Chopin w 3D dla całej rodziny
Ponad 500 osób w pięciu krajach. 120 tysięcy klatek animacji. Tak powstawała „Latająca maszyna”, film w daleki od podręcznikowej rutyny sposób przybliżający postać Fryderyka Chopina.  To pierwsza zrealizowana w Polsce superprodukcja w technologii stereo 3D

To jedna z największych i najbardziej niezwykłych realizacyjnie europejskich filmów animowanych. Za produkcję filmu odpowiedzialni są polscy współtwórcy nagrodzonego Oscarem „Piotrusia i wilka”.  Film wchodzi na ekrany polskich kin 21. października.

Choć z założenia film miał promować muzykę genialnego Polaka na całym świecie, twórcy oparli się pokusie prostej biografii. „Latająca maszyna 3D” to po prostu klasyczne kino familijne. Cała historia osnuta jest wokół postaci Ani, której ukochany tata, po zamknięciu sklepu należącego do ich rodziny od pokoleń, wyjeżdża do pracy w Londynie. Dziewczynka zostaje w Warszawie u troskliwej cioci i obdarzonego niezwykłą wyobraźnią kuzyna Chip-Chipa. Ania bardzo tęskni za tatą i postanawia uciec, a Chip-Chip, który za wszelką cenę chce zyskać jej sympatię, podąża za nią krok w krok. Ania chowa się przed wścibskim kuzynem na stercie porzuconych mebli. Wśród nich znajduje się stary fortepian, który nagle przemienia się w przedziwny pojazd, będący połączeniem sterowca i pełnomorskiego żaglowca. Na pokładzie magicznej latającej maszyny dzieci poszybują nad dachami miasta i, ku przerażeniu cierpiącego na lęk wysokości Chip Chipa, wyruszą na poszukiwanie taty Ani.

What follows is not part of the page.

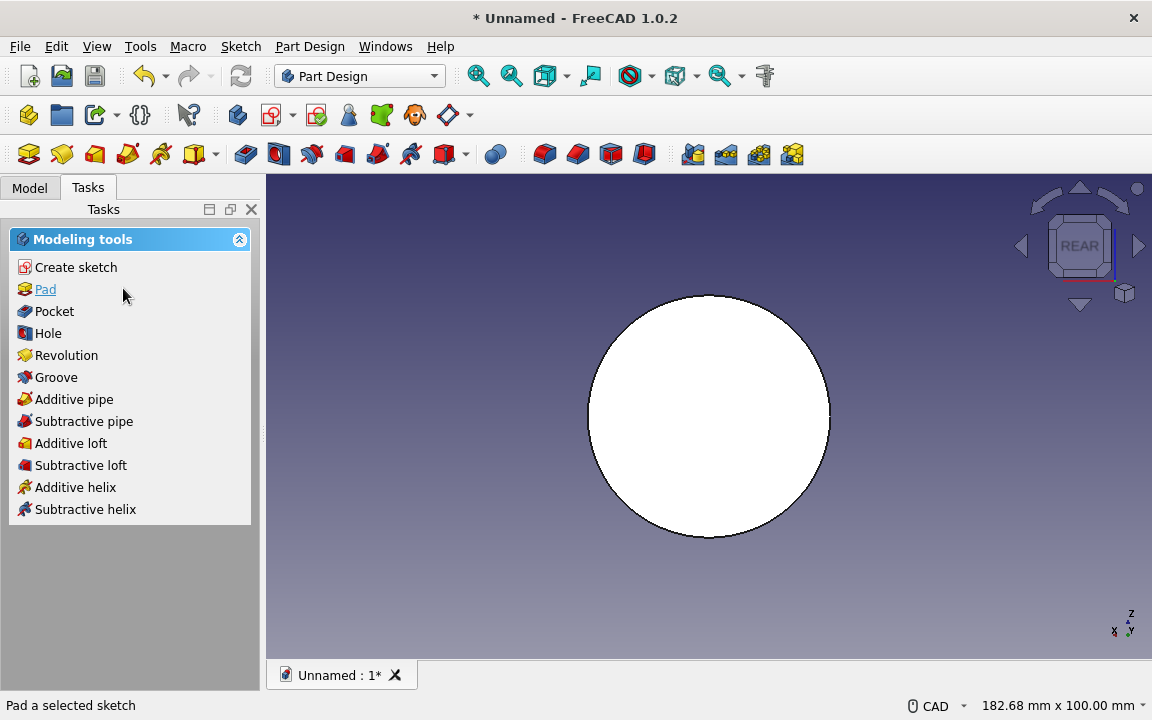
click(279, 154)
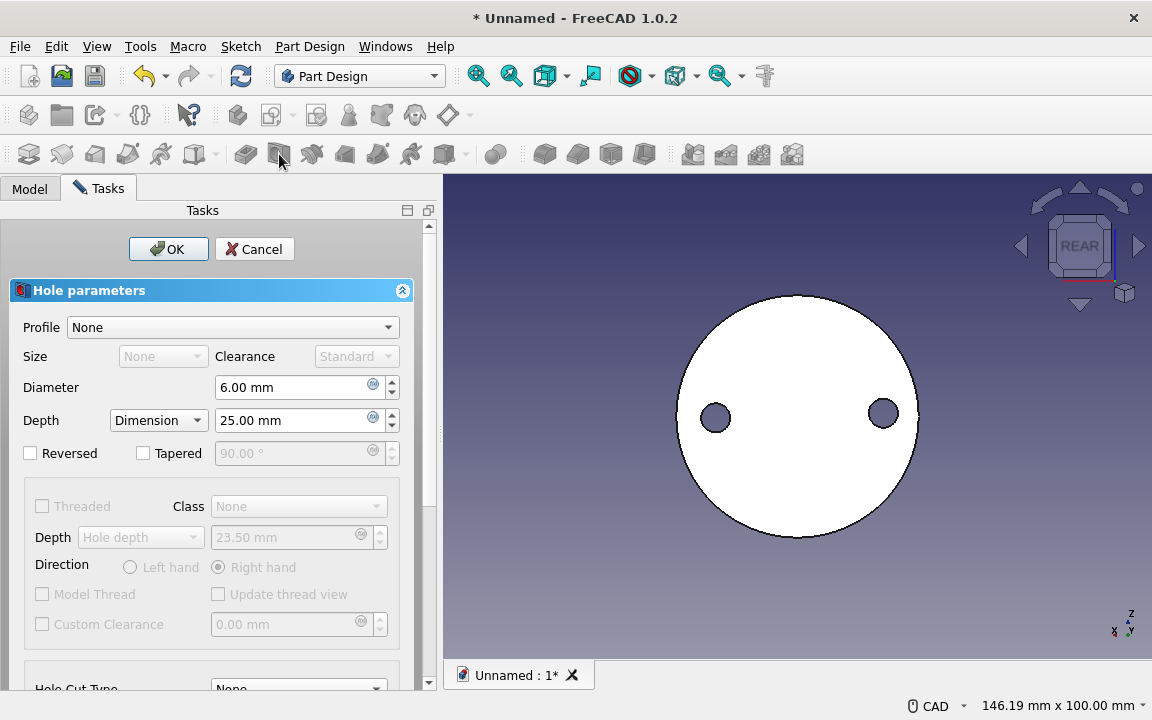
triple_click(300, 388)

Prace nad "Latającą maszyną". Fot. Kino Świat

Film powstawał w Łodzi na imponującym planie o powierzchni 10.000m2. W realizację zaangażowano ponad 200 animatorów, specjalistów od efektów specjalnych, plastyków tworzących scenografię, lalki i kostiumy, w tym czołowe nazwiska z branży, znane z takich tytułów jak „Piotruś i wilk”, „Fantastyczny Pan Lis” „Koralina i Tajemnicze Drzwi”, „Toy Story”, „Gnijąca Panna Młoda”, „Uciekające kurczaki” czy „Jurassic Park”. W części aktorskiej widzowie zobaczą hollywoodzką gwiazdę Heather Graham („Kac Vegas”) w roli zajętej i pracującej mamy. Obrazowi towarzyszy muzyka Fryderyka Chopina, w wykonaniu światowej sławy wirtuoza fortepianu Lang Langa.


Kadr z filmu fot. Kino Świat

- Dla mnie ten film jest o tym, jak można być lepszą mamą i że należy kochać swoje życie, bo jest cudowne, mówiła Heather Graham podczas pracy nad filmem.-  Razem z propozycją zagrania w filmie dostałam próbkę animacji, która była niesamowita. A także świetny scenariusz. Amerykańskie produkcje kinowe nakierowane są na sukces komercyjny, kino europejskie może pozwolić sobie na więcej artyzmu - mówiła aktorka w wywiadzie dla Onetu. Jeszcze w czasie trwania produkcji aktorka przyznawała, że praca przy filmie była tak intensywna, że pod koniec marzyła ona już tylko o tym, by wrócić do domu i porządnie odespać ten aktorski trening.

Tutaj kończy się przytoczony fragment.